> **The input**
____

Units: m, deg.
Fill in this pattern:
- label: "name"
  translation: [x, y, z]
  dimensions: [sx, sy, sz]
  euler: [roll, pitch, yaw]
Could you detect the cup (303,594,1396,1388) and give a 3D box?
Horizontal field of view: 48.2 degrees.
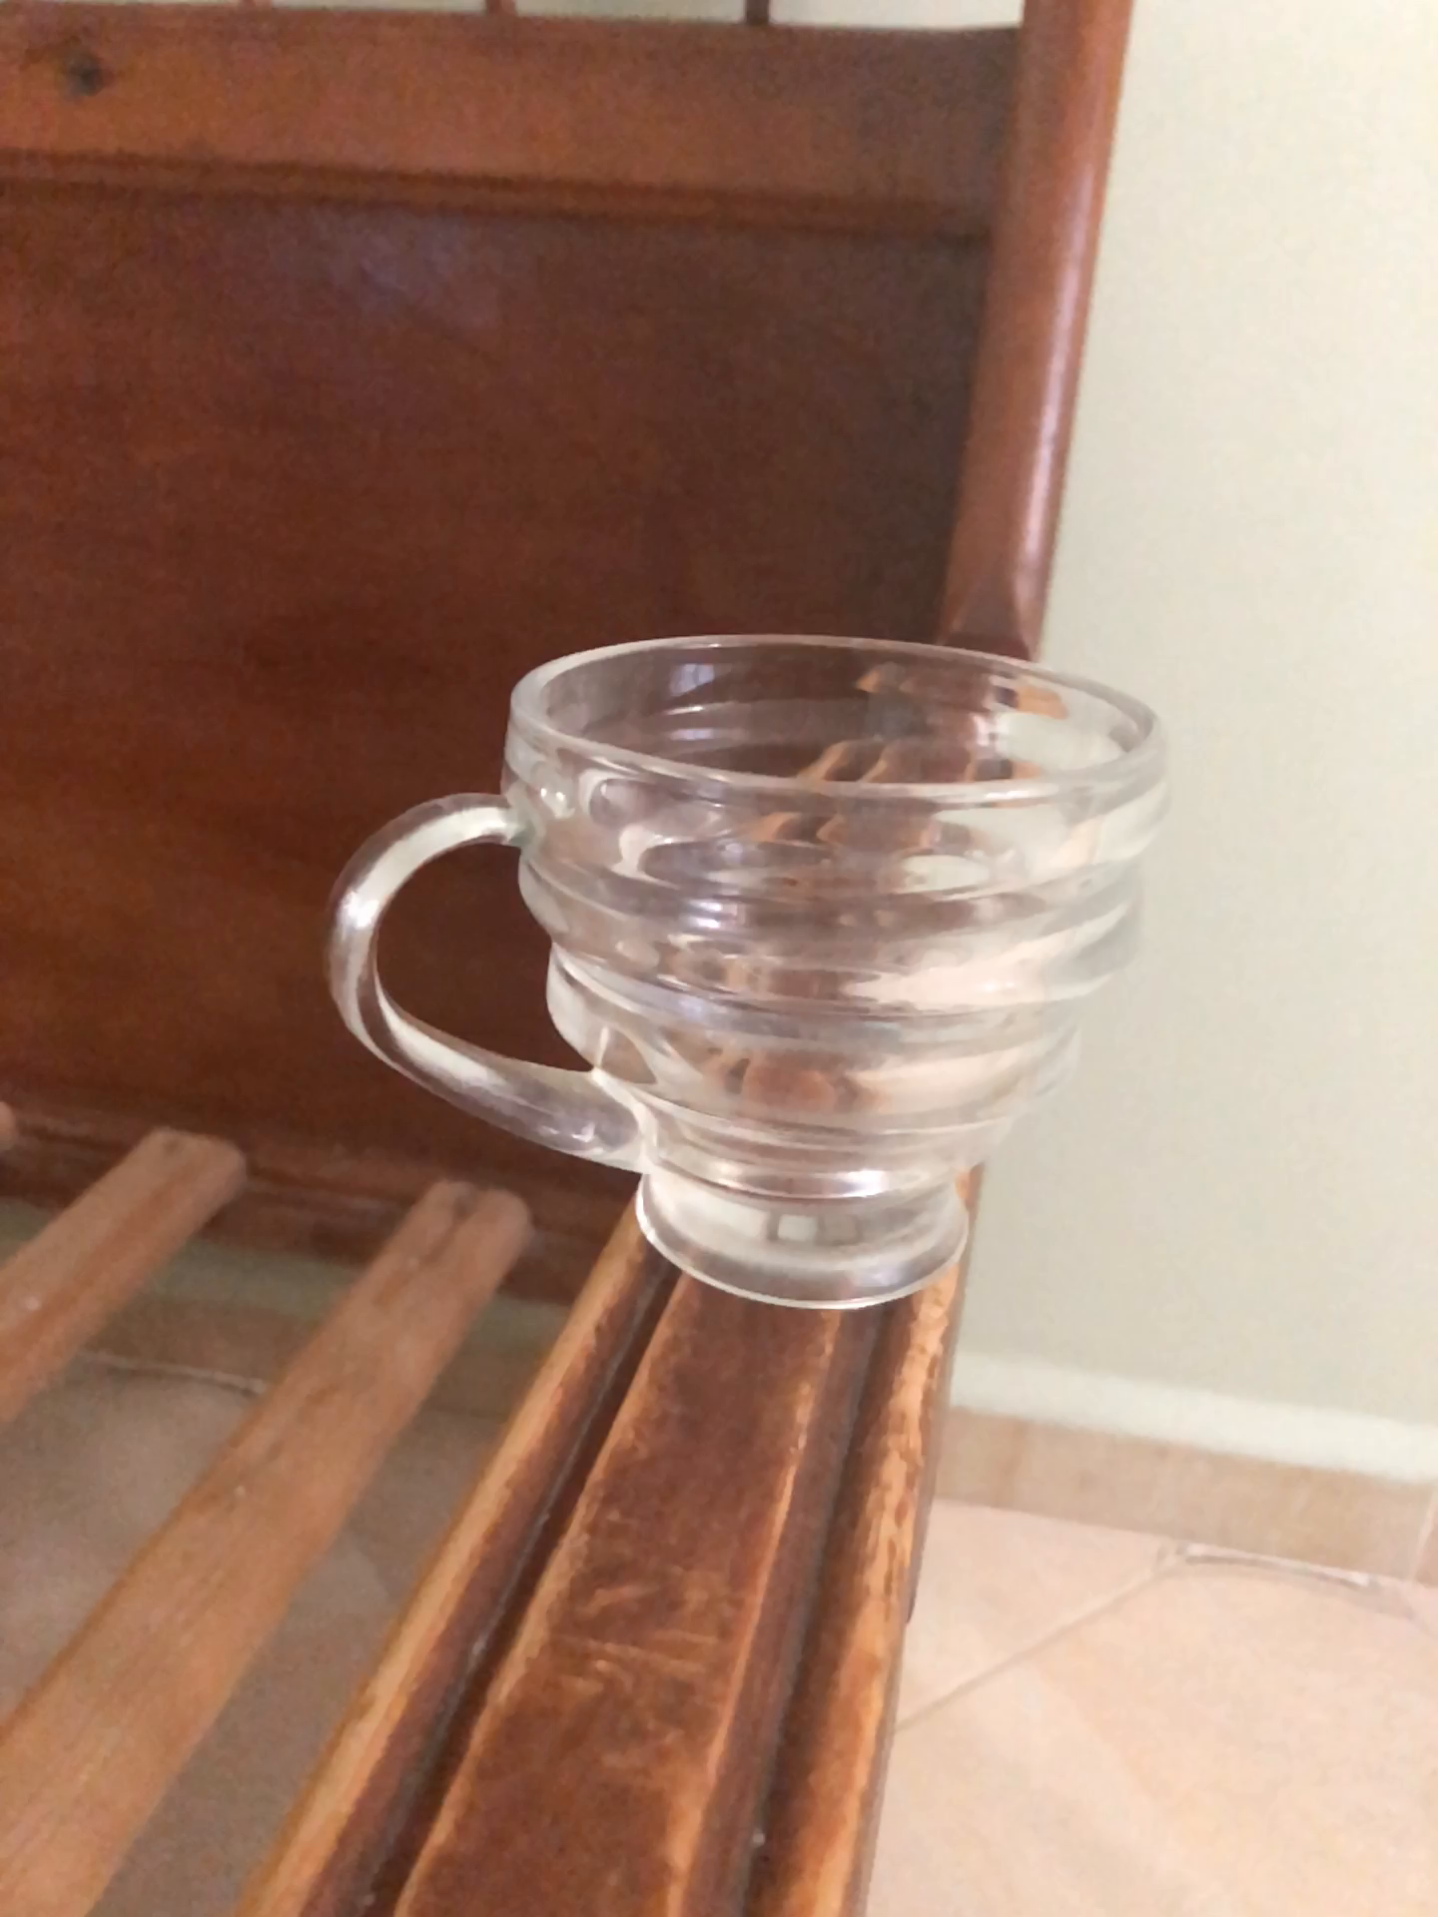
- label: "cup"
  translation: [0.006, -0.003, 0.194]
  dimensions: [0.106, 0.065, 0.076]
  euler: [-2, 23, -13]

____

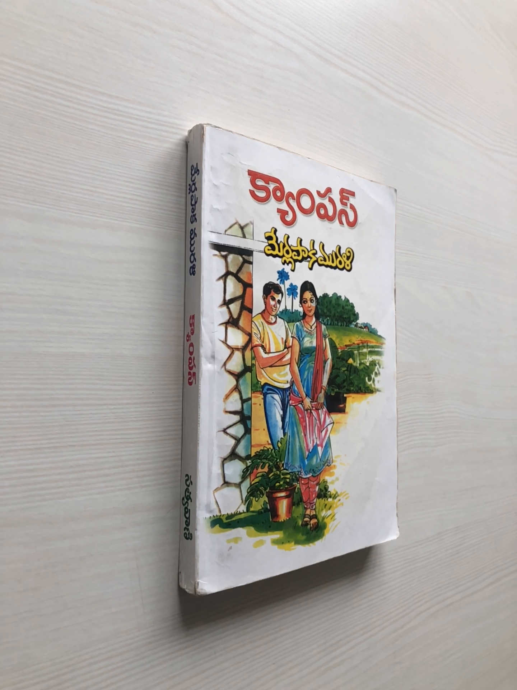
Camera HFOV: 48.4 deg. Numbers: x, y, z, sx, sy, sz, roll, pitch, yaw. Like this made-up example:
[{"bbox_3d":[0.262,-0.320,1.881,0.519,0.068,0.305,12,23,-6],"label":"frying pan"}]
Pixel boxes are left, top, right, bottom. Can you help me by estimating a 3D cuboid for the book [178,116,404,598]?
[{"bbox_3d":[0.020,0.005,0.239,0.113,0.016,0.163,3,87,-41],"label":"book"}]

____

> **Directions**
From the records above, count how many lines hold the string "pitch", then give only that number.

> **Written response**
2